- Aim of the exercise -
Retype the data that follows exactly. No pictures belong in the copy.

- Information supplied -
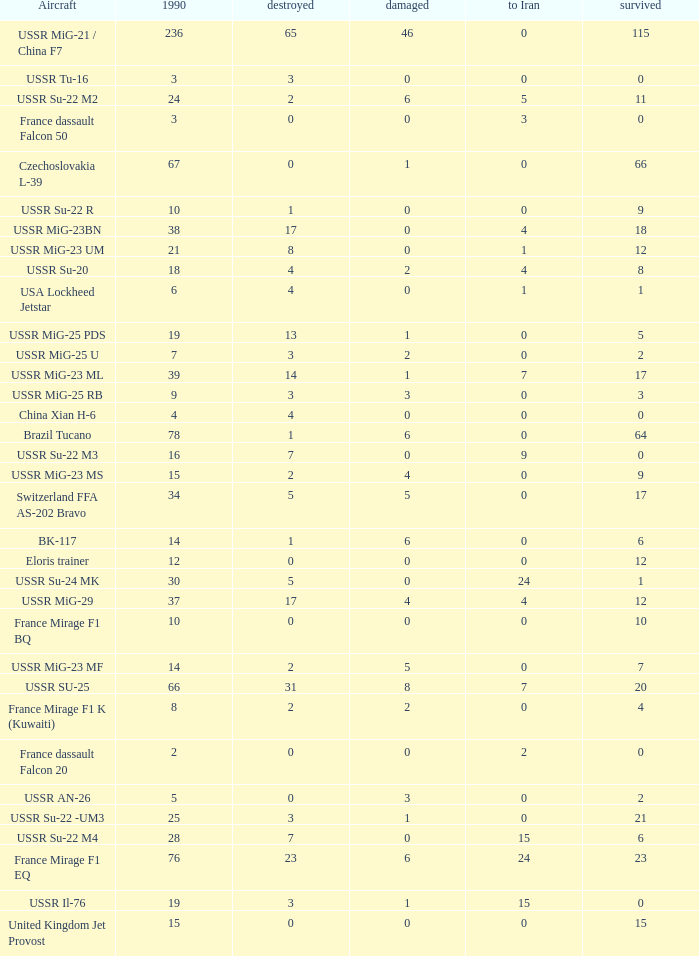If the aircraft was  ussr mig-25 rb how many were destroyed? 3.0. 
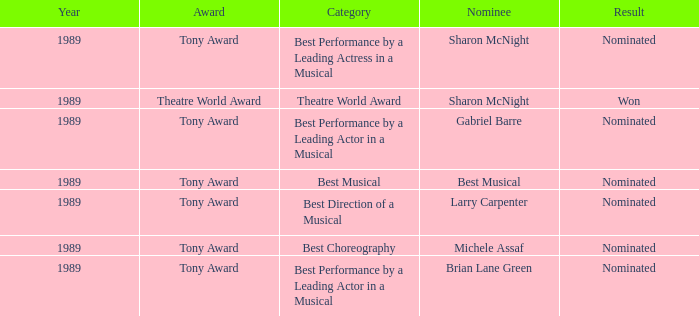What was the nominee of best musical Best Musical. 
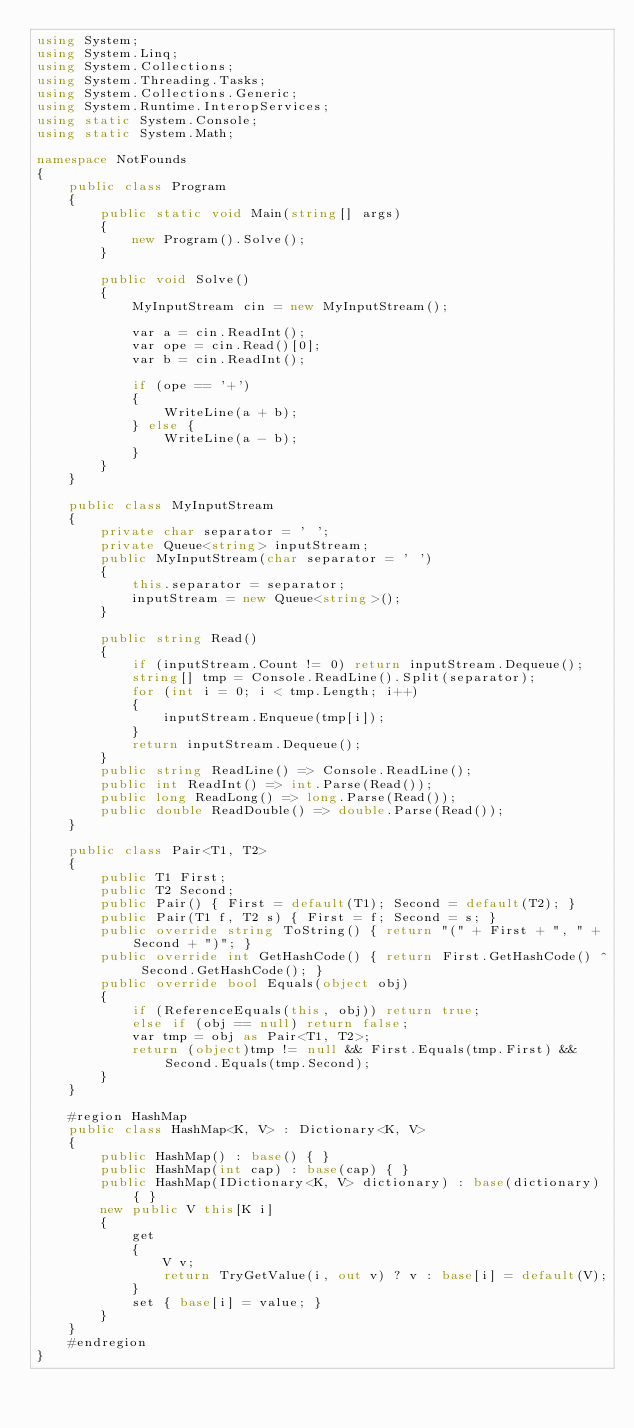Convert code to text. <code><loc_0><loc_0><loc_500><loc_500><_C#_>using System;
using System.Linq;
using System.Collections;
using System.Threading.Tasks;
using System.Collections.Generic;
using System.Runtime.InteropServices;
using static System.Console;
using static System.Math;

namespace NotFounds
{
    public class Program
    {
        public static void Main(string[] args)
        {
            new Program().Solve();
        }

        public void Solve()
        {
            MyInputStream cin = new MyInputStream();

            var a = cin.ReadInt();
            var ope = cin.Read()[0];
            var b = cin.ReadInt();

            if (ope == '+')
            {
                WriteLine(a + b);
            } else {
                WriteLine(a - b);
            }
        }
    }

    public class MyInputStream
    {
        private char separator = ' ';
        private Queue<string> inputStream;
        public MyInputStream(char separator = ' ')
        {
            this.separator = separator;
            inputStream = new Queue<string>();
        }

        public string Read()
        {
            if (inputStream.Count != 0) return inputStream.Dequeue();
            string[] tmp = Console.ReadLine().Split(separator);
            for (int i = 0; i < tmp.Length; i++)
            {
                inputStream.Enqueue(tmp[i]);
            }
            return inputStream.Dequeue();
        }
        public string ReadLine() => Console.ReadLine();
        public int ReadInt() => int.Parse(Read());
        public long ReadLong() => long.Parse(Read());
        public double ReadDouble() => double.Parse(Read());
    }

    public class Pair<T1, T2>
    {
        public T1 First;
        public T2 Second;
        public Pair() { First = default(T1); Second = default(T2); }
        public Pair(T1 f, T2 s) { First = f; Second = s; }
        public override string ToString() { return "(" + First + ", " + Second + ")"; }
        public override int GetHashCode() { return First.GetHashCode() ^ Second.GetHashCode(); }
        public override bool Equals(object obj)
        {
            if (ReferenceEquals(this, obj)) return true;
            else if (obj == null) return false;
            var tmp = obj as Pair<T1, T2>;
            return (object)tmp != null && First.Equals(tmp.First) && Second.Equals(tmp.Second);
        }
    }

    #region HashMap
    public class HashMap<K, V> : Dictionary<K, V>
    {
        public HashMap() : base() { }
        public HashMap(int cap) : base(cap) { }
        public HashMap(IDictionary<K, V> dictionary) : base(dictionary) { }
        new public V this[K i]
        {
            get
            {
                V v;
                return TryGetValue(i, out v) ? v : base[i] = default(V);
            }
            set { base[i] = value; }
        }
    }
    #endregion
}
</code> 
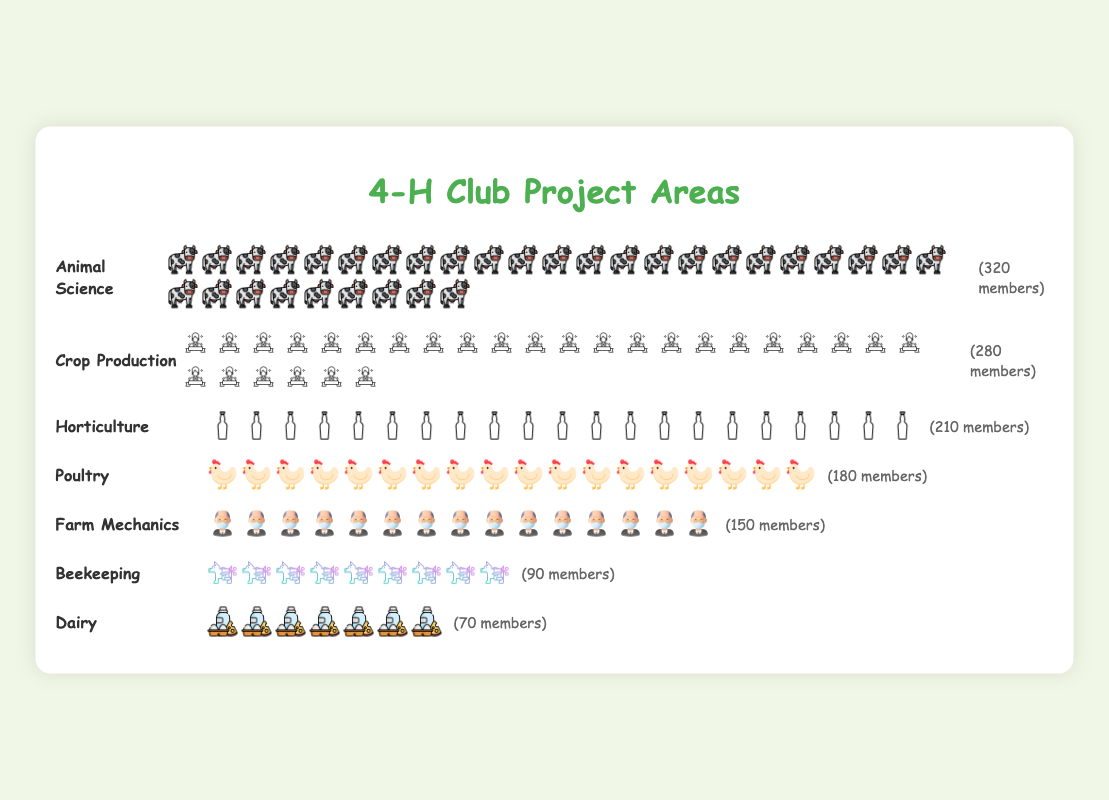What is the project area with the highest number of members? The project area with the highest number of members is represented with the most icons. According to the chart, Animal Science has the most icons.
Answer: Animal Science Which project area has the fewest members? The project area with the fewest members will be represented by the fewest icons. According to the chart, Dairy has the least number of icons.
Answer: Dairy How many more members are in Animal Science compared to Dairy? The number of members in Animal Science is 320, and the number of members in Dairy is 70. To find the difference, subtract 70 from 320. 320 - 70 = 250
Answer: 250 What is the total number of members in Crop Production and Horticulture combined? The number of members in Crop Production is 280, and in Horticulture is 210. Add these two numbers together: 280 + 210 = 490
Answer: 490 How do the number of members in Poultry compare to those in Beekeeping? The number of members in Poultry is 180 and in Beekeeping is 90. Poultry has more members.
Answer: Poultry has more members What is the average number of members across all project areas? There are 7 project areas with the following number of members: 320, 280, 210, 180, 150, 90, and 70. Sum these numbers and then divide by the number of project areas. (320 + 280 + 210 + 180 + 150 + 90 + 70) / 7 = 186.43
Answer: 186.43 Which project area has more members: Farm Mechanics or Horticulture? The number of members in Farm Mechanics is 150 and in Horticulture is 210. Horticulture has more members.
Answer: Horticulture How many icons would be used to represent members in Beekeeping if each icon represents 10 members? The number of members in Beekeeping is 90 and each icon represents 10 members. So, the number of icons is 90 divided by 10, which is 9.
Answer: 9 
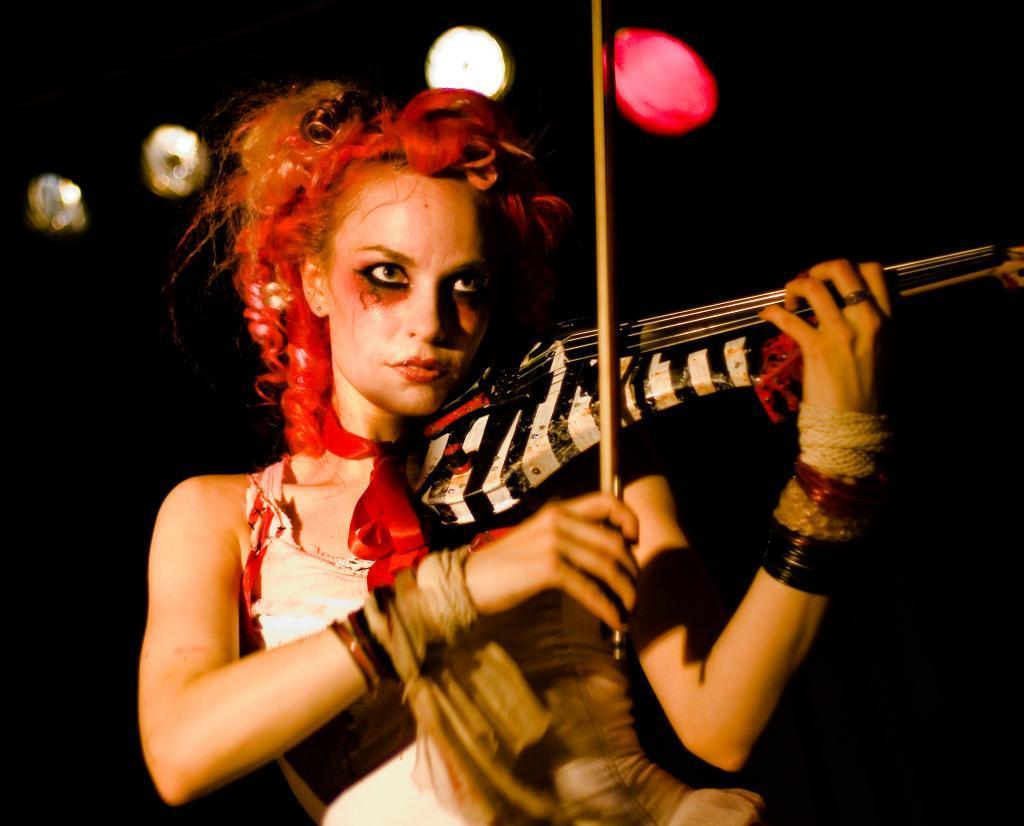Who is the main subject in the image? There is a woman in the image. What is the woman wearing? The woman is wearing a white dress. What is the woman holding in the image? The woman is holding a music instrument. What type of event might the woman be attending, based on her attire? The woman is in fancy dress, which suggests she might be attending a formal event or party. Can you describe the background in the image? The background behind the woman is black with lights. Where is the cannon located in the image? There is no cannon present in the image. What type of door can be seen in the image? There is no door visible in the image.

- Written answer -
If the aircraft was  ussr mig-25 rb how many were destroyed? 3.0. 
What was the nominee of best musical Best Musical. 
Convert code to text. <code><loc_0><loc_0><loc_500><loc_500><_C#_>using System;
using System.Linq;
using System.Collections;
using System.Threading.Tasks;
using System.Collections.Generic;
using System.Runtime.InteropServices;
using static System.Console;
using static System.Math;

namespace NotFounds
{
    public class Program
    {
        public static void Main(string[] args)
        {
            new Program().Solve();
        }

        public void Solve()
        {
            MyInputStream cin = new MyInputStream();

            var a = cin.ReadInt();
            var ope = cin.Read()[0];
            var b = cin.ReadInt();

            if (ope == '+')
            {
                WriteLine(a + b);
            } else {
                WriteLine(a - b);
            }
        }
    }

    public class MyInputStream
    {
        private char separator = ' ';
        private Queue<string> inputStream;
        public MyInputStream(char separator = ' ')
        {
            this.separator = separator;
            inputStream = new Queue<string>();
        }

        public string Read()
        {
            if (inputStream.Count != 0) return inputStream.Dequeue();
            string[] tmp = Console.ReadLine().Split(separator);
            for (int i = 0; i < tmp.Length; i++)
            {
                inputStream.Enqueue(tmp[i]);
            }
            return inputStream.Dequeue();
        }
        public string ReadLine() => Console.ReadLine();
        public int ReadInt() => int.Parse(Read());
        public long ReadLong() => long.Parse(Read());
        public double ReadDouble() => double.Parse(Read());
    }

    public class Pair<T1, T2>
    {
        public T1 First;
        public T2 Second;
        public Pair() { First = default(T1); Second = default(T2); }
        public Pair(T1 f, T2 s) { First = f; Second = s; }
        public override string ToString() { return "(" + First + ", " + Second + ")"; }
        public override int GetHashCode() { return First.GetHashCode() ^ Second.GetHashCode(); }
        public override bool Equals(object obj)
        {
            if (ReferenceEquals(this, obj)) return true;
            else if (obj == null) return false;
            var tmp = obj as Pair<T1, T2>;
            return (object)tmp != null && First.Equals(tmp.First) && Second.Equals(tmp.Second);
        }
    }

    #region HashMap
    public class HashMap<K, V> : Dictionary<K, V>
    {
        public HashMap() : base() { }
        public HashMap(int cap) : base(cap) { }
        public HashMap(IDictionary<K, V> dictionary) : base(dictionary) { }
        new public V this[K i]
        {
            get
            {
                V v;
                return TryGetValue(i, out v) ? v : base[i] = default(V);
            }
            set { base[i] = value; }
        }
    }
    #endregion
}
</code> 
What is the project area with the highest number of members? The project area with the highest number of members is represented with the most icons. According to the chart, Animal Science has the most icons.
Answer: Animal Science Which project area has the fewest members? The project area with the fewest members will be represented by the fewest icons. According to the chart, Dairy has the least number of icons.
Answer: Dairy How many more members are in Animal Science compared to Dairy? The number of members in Animal Science is 320, and the number of members in Dairy is 70. To find the difference, subtract 70 from 320. 320 - 70 = 250
Answer: 250 What is the total number of members in Crop Production and Horticulture combined? The number of members in Crop Production is 280, and in Horticulture is 210. Add these two numbers together: 280 + 210 = 490
Answer: 490 How do the number of members in Poultry compare to those in Beekeeping? The number of members in Poultry is 180 and in Beekeeping is 90. Poultry has more members.
Answer: Poultry has more members What is the average number of members across all project areas? There are 7 project areas with the following number of members: 320, 280, 210, 180, 150, 90, and 70. Sum these numbers and then divide by the number of project areas. (320 + 280 + 210 + 180 + 150 + 90 + 70) / 7 = 186.43
Answer: 186.43 Which project area has more members: Farm Mechanics or Horticulture? The number of members in Farm Mechanics is 150 and in Horticulture is 210. Horticulture has more members.
Answer: Horticulture How many icons would be used to represent members in Beekeeping if each icon represents 10 members? The number of members in Beekeeping is 90 and each icon represents 10 members. So, the number of icons is 90 divided by 10, which is 9.
Answer: 9 
Who is the main subject in the image? There is a woman in the image. What is the woman wearing? The woman is wearing a white dress. What is the woman holding in the image? The woman is holding a music instrument. What type of event might the woman be attending, based on her attire? The woman is in fancy dress, which suggests she might be attending a formal event or party. Can you describe the background in the image? The background behind the woman is black with lights. Where is the cannon located in the image? There is no cannon present in the image. What type of door can be seen in the image? There is no door visible in the image.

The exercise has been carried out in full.